たきき【薪】字ー新編『倭玉篇』(江戸期の版本)所載の「ミヅクサ」ー
萩原義雄識
同じく、慶長十五年(一六一〇)版、慶長十八(一六一三)年版・慶長癸丑(一六一三)版『倭玉篇』では、
薪(シン) タキヾ 〔中卷艸部百五十・二一六頁6〕
薪(シン) タキヾ 〔中卷艸部百五十・一一四齣6〕〔中卷艸部百五十百五十・一一四齣6〕
薪(シン) タキヾ〔慶長庚戌(一六一〇)年版、中卷艸部〕
とし、和訓を「タキヾ」と記載し、此れを寛永各版、寛文十一年版、そして寛文二年版、元禄で見ておくと、
薪(シン) タキヾ〔寛永五年(一六二八)版横本、中卷艸部百五十〕
薪(シン) タキヽ〔寛文二年(一六六二)版、中卷艸部百五十〕
薪(シン) タキヽ〔元禄六年(一六九三)版、中卷艸部百五十〕
薪(シン) タキヾ〔寳永六年(一七〇九)版、中卷艸部〕
とその継承が見られる反面、同時代の版本類に和訓を「ミヅクサ」乃至「ミツクサ」なる語を此の標記語に仕立てた新編『倭玉篇』類が登場している点を、今回紹介しておく。
薪(シン) ミヅクサ〔寛永七年(一六三〇)版版、中卷艸部百六十二58齣左4〕
薪(シン) ミヅクサ〔寛永九年(一六三二)版、中卷艸部百六二62齣左4〕
薪(シン) ミツクサ〔寛永十六年(一六三九)版、中卷艸部百六十二58齣左4〕
薪(シン) ミツクサ〔寛永十六年(一六三九)版、中卷艸部百六十二58齣左4〕
薪(シン) ミツクサ〔正保三年(一六四六)版・正保四年版、中卷艸部56齣左4〕
薪(シン) ミツクサ〔慶安五年(一六五二)版中卷艸部〕
薪(シン) ミツクサ〔延寳九年(一六八一)版中卷艸部42齣左4〕
薪(シン) ミツクサ〔無刊記版、中卷艸部百六十二52齣〕
※字の下位部の左側の旁字が「立+小」字、「亠+止+小」、そして「新」字と変改している点も留意せねばなるまい。
とあって、標記語「薪(シン)」に別語の和訓が江戸時代の新編『倭玉篇』編纂出版のなかで記載されはじめてきたのかについて見定めておくことと、此の標記漢字の和訓が寛永七(一六三〇)年の頃から既にさだまりのあった「たきぎ」の語でない全くの別訓「みづくさ」の語を茲に記載するようになったことについて、江戸時代の知識人が此の語に対する和訓としてどう認知し、此の新訓「みづくさ」を誤謬とは見ずに刻版を黙々と重ねてきたことに対して、どのような識字意識があったのか、この字引を繙き、此を利用する受容性にまで突き詰めて考えておくことにもなろう。
薪(シン) タキヽ 〔中卷艸部十一ウ8〕
𧂐(シ) タキヾ ツミキ イナムラ 〔中卷艸部十二ウ4〕
とし、艸部には二種の語例を見出し、「薪」字には「タキヽ」と清音表記、「𧂐」字には「タキヾ」と濁音表記で記載するといった同語訓の第三拍目に清濁の揺れを見ることになる。

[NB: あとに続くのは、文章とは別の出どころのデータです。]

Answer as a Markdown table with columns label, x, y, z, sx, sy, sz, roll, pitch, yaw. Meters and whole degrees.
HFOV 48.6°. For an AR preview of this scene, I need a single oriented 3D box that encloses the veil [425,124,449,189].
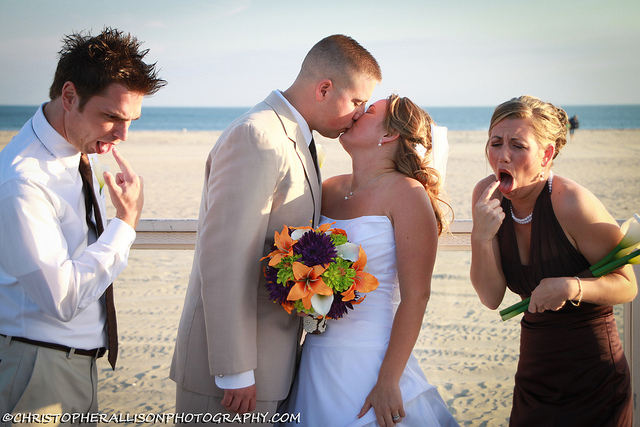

次に、「みづくさ」の六種を見ておくと
①坎(サ) ミツクサ〔十二ウ7〕・②䔮(シ) ミツクサ〔十二ウ9〕・③菨(せウ) ミヅクサ〔十三オ1〕・④蓒(ケン) ミツクサ〔十三オ2〕・⑤䔷(キン) ミヅクサ〔十三オ2〕・⑥葓(コウ) ミヅクサ〔十三オ4〕
とあって、此方も第二拍の清音表記で①②④と濁音表記③⑤⑥の二種に弁別される。こうしたなかで、標記字「薪」字が此の水中に生じる「みずくさ」の和訓に加えられたことは何とも不可解な仕業と言えよう。
そして、『增續大廣益會玉篇大全』にあっては、
薪(シン) タキヾ 真息秦ノ切折テレ木ヲ柴ニス也〔艸部十三・三十三オ3〕
とあって、定番の和語「タキヾ」を茲に記載している。